43 commenti su  1  2  3  4  5  6  7  8  9   pagine dal più vecchio | dal più recente
#43 podda (165) - lettore
il 28.11.09 alle ore 20:00 scrive:
x-32 giuliano t.-- bisogna gridare vergogna a coloro i quali fanno uso personale di sostanze stupefacenti-- modica quantita'-- ------ ma sopratutto vergognosi sono ------ coloro i quali che con la legge del 1975 , hanno permesso a chiunque detto utilizzo di sostanze------ viva la democrazia----.
#42 podda (165) - lettore
il 28.11.09 alle ore 19:54 scrive:
x-33-eglanthyne-- se marrazzo ha commesso illeciti nella vicenda della trans deve pagare. condivido la sua tesi.----
#41 pinn (1047) - lettore
il 22.11.09 alle ore 23:25 scrive:
Repubblichella detta i modi e i tempi per la gestione della vicenda al fine di minimizzare i danni, e se possibile, mettere tutto nel frullatore, sacrificare fino in fondo il sodale più sfortunato per mantenersi all'attacco. Marrazzo invece già sta facendo la figura del pupazzo confuso in mano ai repubblichelli. Ma arrivare al punto da farsi imporre le cose da dire tramite sms o tutti i pentimenti minuto per minuto mi sembra veramente troppo. Marrazzo ha sbagliato, certo. Ma sbaglia ancora di più a farsi trattare come un pagliaccio da chi ne ha fatte molte più di lui e non solo con i trans. Un minimo di dignità, Piero! E che diamine!

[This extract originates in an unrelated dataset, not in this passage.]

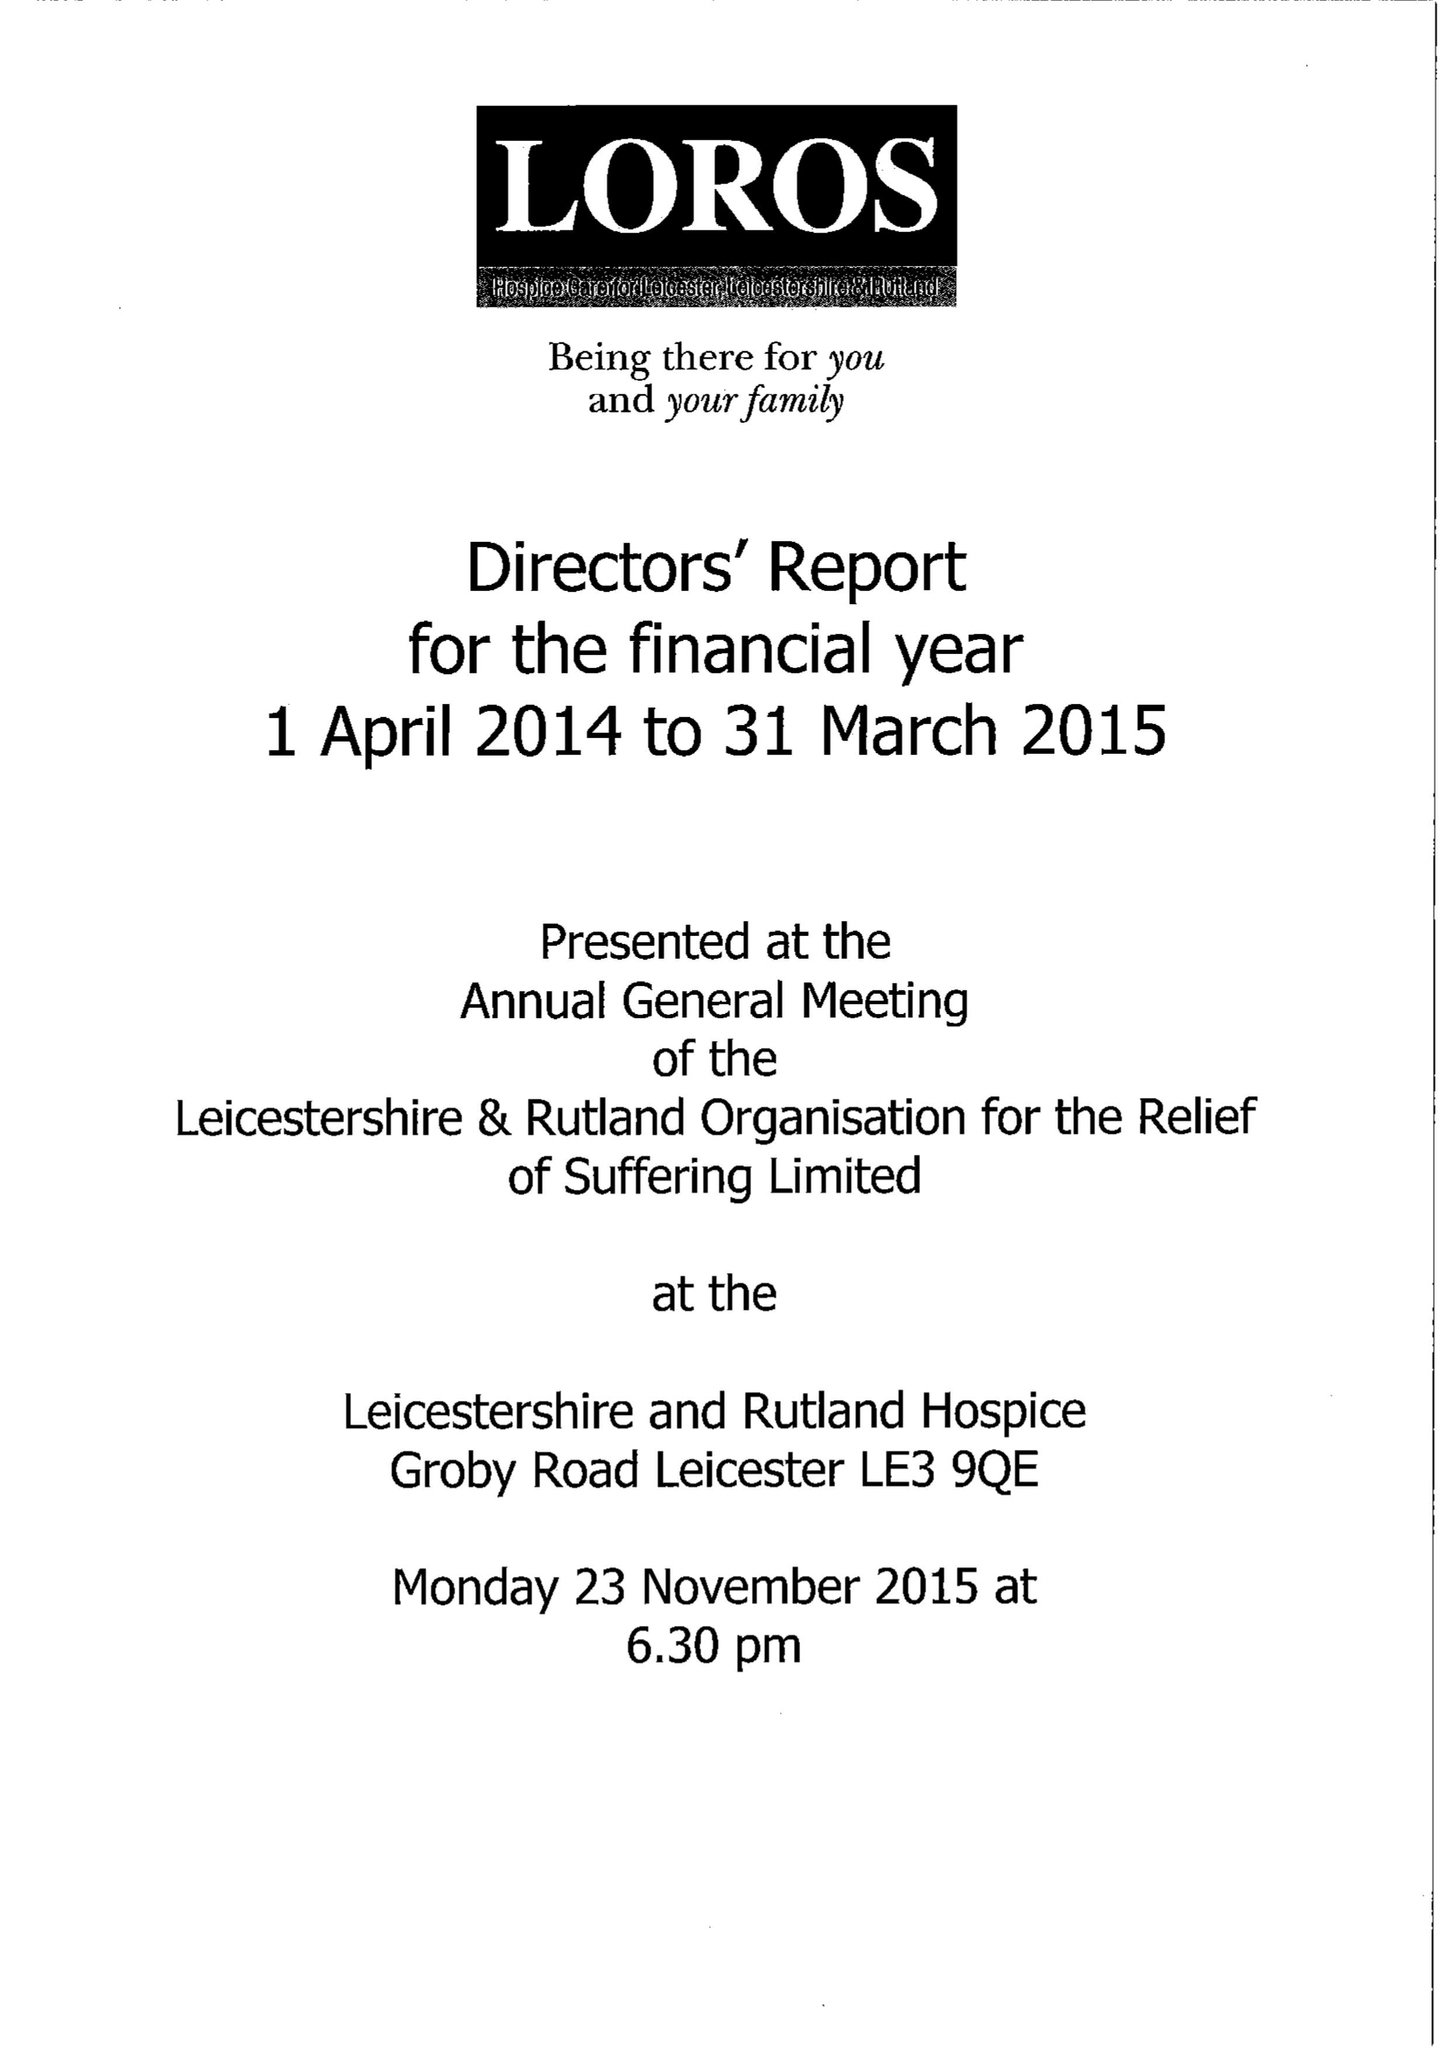What is the value for the charity_number?
Answer the question using a single word or phrase. 506120

#40 Snoopy59 (613) - lettore
il 22.11.09 alle ore 20:24 scrive:
A Marrazzo consiglio un monastero tibetano per il bene suo e sopratutto per quello delle sue figlie, vere vittime innocenti di questo sciagurato genitore. La moglie non la conosco, se è donna dalla vita irreprensibile, non è solo una grande donna ma una vera santa, perchè solo una persona in odore si santità può avere il coraggio di perdonare un simile individuo.
#39 yure22 (1275) - lettore
il 22.11.09 alle ore 19:59 scrive:
Cosa non si fa per due patriavegloria in meno. Eddai marrazzo , pentiti per davvero.